Welcome to the MetGem 1.3 Manual!¶

Welcome to MetGem’s documentation page.

User Manual

Discover MetGem features through an online manual.

Tutorials and Howto’s

Learn through tutorials to see MetGem in action.

Getting Started

New to MetGem and don’t know where to start?

General Concepts

Learn about general concepts that are not specific to MetGem

MetGem’s FAQ

Find answers to the most common questions about MetGem.

Index

An index of the manual for searching terms by browsing.

User Manual¶

Discover MetGem’s features through an online manual.

Getting Started¶

Welcome to the MetGem Manual! In this section, we’ll try to get you up to speed.

Installation¶

Windows¶

Windows users can download MetGem’s installer from the website.

Note

MetGem requires Windows 7 or newer.

OS X¶

You can download the latest binary from our website.

Note

The binaries work only with Mac OSX version 10.12 and newer.

Linux¶

Linux binaries are available from the website as an AppImage. It should be as simple as click and run in any distribution.

Starting MetGem¶

When you start MetGem for the first time there will be no window open by default. You will be greeted by a welcome screen, which will have option to create a new project from MS/MS data or open an existing project.

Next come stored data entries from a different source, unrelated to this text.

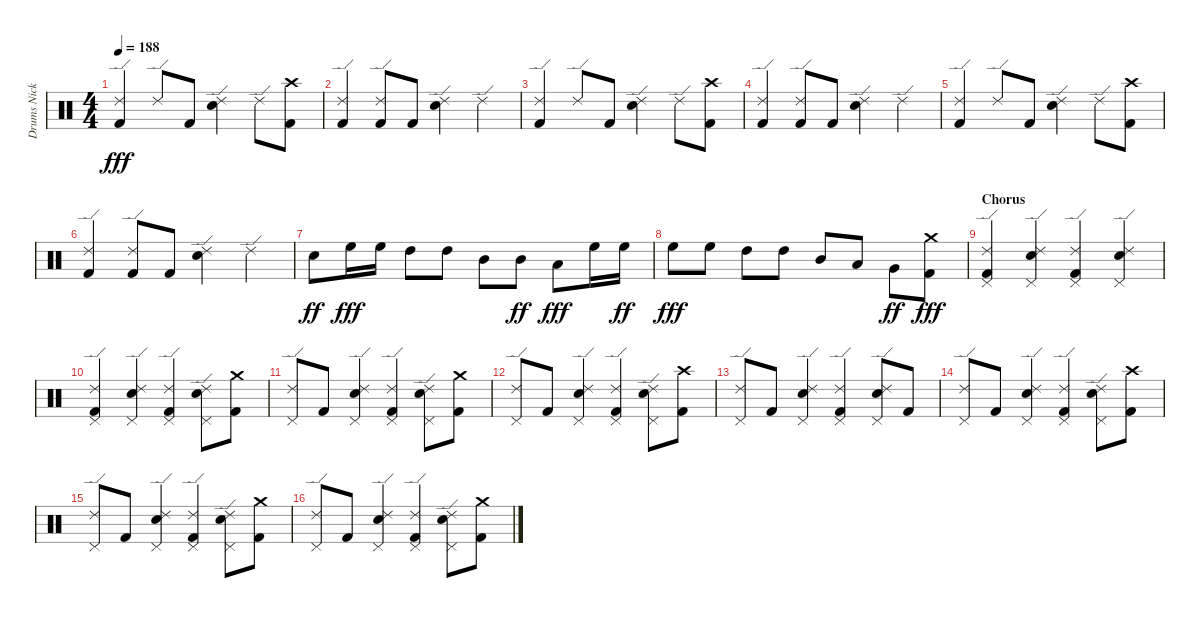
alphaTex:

\track ("Drums Nicko McBrain" "Drums Nick") {instrument percussion}
\staff {score}
\articulation defaults
\ts (4 4)
\tempo 188
\clef neutral
\ks c
("Ride (edge) 2" "Kick (hit) 2").4{dy fff} "Ride (edge) 2".8 "Kick (hit) 2".8 ("Ride (edge) 2" "Electric Snare (hit)").4 "Ride (edge) 2".8 ("Crash high (hit)" "Kick (hit) 2").8 |
("Ride (edge) 2" "Kick (hit) 2").4 ("Ride (edge) 2" "Kick (hit) 2").8 "Kick (hit) 2".8 ("Ride (edge) 2" "Electric Snare (hit)").4 "Ride (edge) 2".4 |
("Ride (edge) 2" "Kick (hit) 2").4 "Ride (edge) 2".8 "Kick (hit) 2".8 ("Ride (edge) 2" "Electric Snare (hit)").4 "Ride (edge) 2".8 ("Crash high (hit)" "Kick (hit) 2").8 |
("Ride (edge) 2" "Kick (hit) 2").4 ("Ride (edge) 2" "Kick (hit) 2").8 "Kick (hit) 2".8 ("Ride (edge) 2" "Electric Snare (hit)").4 "Ride (edge) 2".4 |
("Ride (edge) 2" "Kick (hit) 2").4 "Ride (edge) 2".8 "Kick (hit) 2".8 ("Ride (edge) 2" "Electric Snare (hit)").4 "Ride (edge) 2".8 ("Crash high (hit)" "Kick (hit) 2").8 |
("Ride (edge) 2" "Kick (hit) 2").4 ("Ride (edge) 2" "Kick (hit) 2").8 "Kick (hit) 2".8 ("Ride (edge) 2" "Electric Snare (hit)").4 "Ride (edge) 2".4 |
"Electric Snare (hit)".8{dy ff} "High Floor Tom (hit)".16{dy fff} "High Floor Tom (hit)".16 "High Tom (hit)".8 "High Tom (hit)".8 "Mid Tom (hit)".8 "Mid Tom (hit)".8{dy ff} "Low Tom (hit)".8{dy fff} "High Floor Tom (hit)".16 "High Floor Tom (hit)".16{dy ff} |
"High Floor Tom (hit)".8{dy fff} "High Floor Tom (hit)".8 "High Tom (hit)".8 "High Tom (hit)".8 "Mid Tom (hit)".8 "Low Tom (hit)".8 "Very Low Tom (hit)".8{dy ff} ("Crash medium (hit)" "Kick (hit) 2").8{dy fff} |
\section ("" "Chorus")
("Ride (edge) 2" "Pedal Hi-Hat (hit)" "Kick (hit) 2").4 ("Ride (edge) 2" "Electric Snare (hit)" "Pedal Hi-Hat (hit)").4 ("Ride (edge) 2" "Pedal Hi-Hat (hit)" "Kick (hit) 2").4 ("Ride (edge) 2" "Electric Snare (hit)" "Pedal Hi-Hat (hit)").4 |
("Ride (edge) 2" "Pedal Hi-Hat (hit)" "Kick (hit) 2").4 ("Ride (edge) 2" "Electric Snare (hit)" "Pedal Hi-Hat (hit)").4 ("Ride (edge) 2" "Pedal Hi-Hat (hit)" "Kick (hit) 2").4 ("Ride (edge) 2" "Electric Snare (hit)" "Pedal Hi-Hat (hit)").8 ("Crash medium (hit)" "Kick (hit) 2").8 |
("Ride (edge) 2" "Pedal Hi-Hat (hit)").8 "Kick (hit) 2".8 ("Ride (edge) 2" "Electric Snare (hit)" "Pedal Hi-Hat (hit)").4 ("Ride (edge) 2" "Pedal Hi-Hat (hit)" "Kick (hit) 2").4 ("Ride (edge) 2" "Electric Snare (hit)" "Pedal Hi-Hat (hit)").8 ("Crash medium (hit)" "Kick (hit) 2").8 |
("Ride (edge) 2" "Pedal Hi-Hat (hit)").8 "Kick (hit) 2".8 ("Ride (edge) 2" "Electric Snare (hit)" "Pedal Hi-Hat (hit)").4 ("Ride (edge) 2" "Pedal Hi-Hat (hit)" "Kick (hit) 2").4 ("Ride (edge) 2" "Electric Snare (hit)" "Pedal Hi-Hat (hit)").8 ("Crash high (hit)" "Kick (hit) 2").8 |
("Ride (edge) 2" "Pedal Hi-Hat (hit)").8 "Kick (hit) 2".8 ("Ride (edge) 2" "Electric Snare (hit)" "Pedal Hi-Hat (hit)").4 ("Ride (edge) 2" "Pedal Hi-Hat (hit)" "Kick (hit) 2").4 ("Ride (edge) 2" "Electric Snare (hit)" "Pedal Hi-Hat (hit)").8 "Kick (hit) 2".8 |
("Ride (edge) 2" "Pedal Hi-Hat (hit)").8 "Kick (hit) 2".8 ("Ride (edge) 2" "Electric Snare (hit)" "Pedal Hi-Hat (hit)").4 ("Ride (edge) 2" "Pedal Hi-Hat (hit)" "Kick (hit) 2").4 ("Ride (edge) 2" "Electric Snare (hit)" "Pedal Hi-Hat (hit)").8 ("Crash high (hit)" "Kick (hit) 2").8 |
("Ride (edge) 2" "Pedal Hi-Hat (hit)").8 "Kick (hit) 2".8 ("Ride (edge) 2" "Electric Snare (hit)" "Pedal Hi-Hat (hit)").4 ("Ride (edge) 2" "Pedal Hi-Hat (hit)" "Kick (hit) 2").4 ("Ride (edge) 2" "Electric Snare (hit)" "Pedal Hi-Hat (hit)").8 ("Crash medium (hit)" "Kick (hit) 2").8 |
("Ride (edge) 2" "Pedal Hi-Hat (hit)").8 "Kick (hit) 2".8 ("Ride (edge) 2" "Electric Snare (hit)" "Pedal Hi-Hat (hit)").4 ("Ride (edge) 2" "Pedal Hi-Hat (hit)" "Kick (hit) 2").4 ("Ride (edge) 2" "Electric Snare (hit)" "Pedal Hi-Hat (hit)").8 ("Crash medium (hit)" "Kick (hit) 2").8

The first step will be to import data from the File ‣ Import spectra list menu or by clicking on Import Data under start section of the welcome screen. This will open the import data file dialog box. If you want to open an existing project, either use File ‣ Open Project… or drag the image from your computer into MetGem’s window.

Saving and opening files¶

Now, once you have figured out import data, you may want to save it. The save option is in the same place as it is in all other computer programs: the top-menu of File, and then Save. Select the folder you want to have your drawing, and select the file format you want to use (.mnz is MetGem’s default format, and will save everything). And then hit Save.

Check out Global Overview for further basic information, General Concepts for an introduction on concepts MetGem is built on, or just go out and explore MetGem!

Global Overview¶

MetGem’s interface is divided in four main parts:

Toolbars,

Network views,

Metadata Tables.

Spectrum View.

Three dialogs are available to import data:

Import MS/MS Data dialog,

Import Metadata dialog,

Import Group Mappings dialog.

Toolbars¶

Each toolbar can be hidden/shown using the View ‣ Toolbars menu. It can also be moved to a different position in the main window or even detached from the latter by simply dragging it to the new position with it’s left handle.

Network views¶

Data can be visualised using different views. MetGem offers two types of visualisations:

Network: A classical Molecular Network view like what can be obtained by the GNPS platform. In this view, each node represent an MS/MS spectrum and each edge represent a the distance between two nodes (obtained via a modified cosine-score calculation). Distance between clusters is arbitrary and has no special meaning.

2-D Projections: A view obtained using a dimension reduction algorithm. This is a 2-D projection of the multidimensional space, so no edge is shown but distance between clusters is informative. To simplify projection, isolated nodes are excluded from the processing and are displayed below the projection. They are arbitrarily distributed and their positions have no special meaning.

MetGem can use several algorithm to create a visualisation:

t-SNE: t-SNE (t-distributed Stochastic Neighboorhodd Embedding) algorithm tends to preserve local distances and distort global distances. This means that, if two clusters are close to each other in the original space, they have statiscally more chance than distant clusters to be close in the t-SNE projection.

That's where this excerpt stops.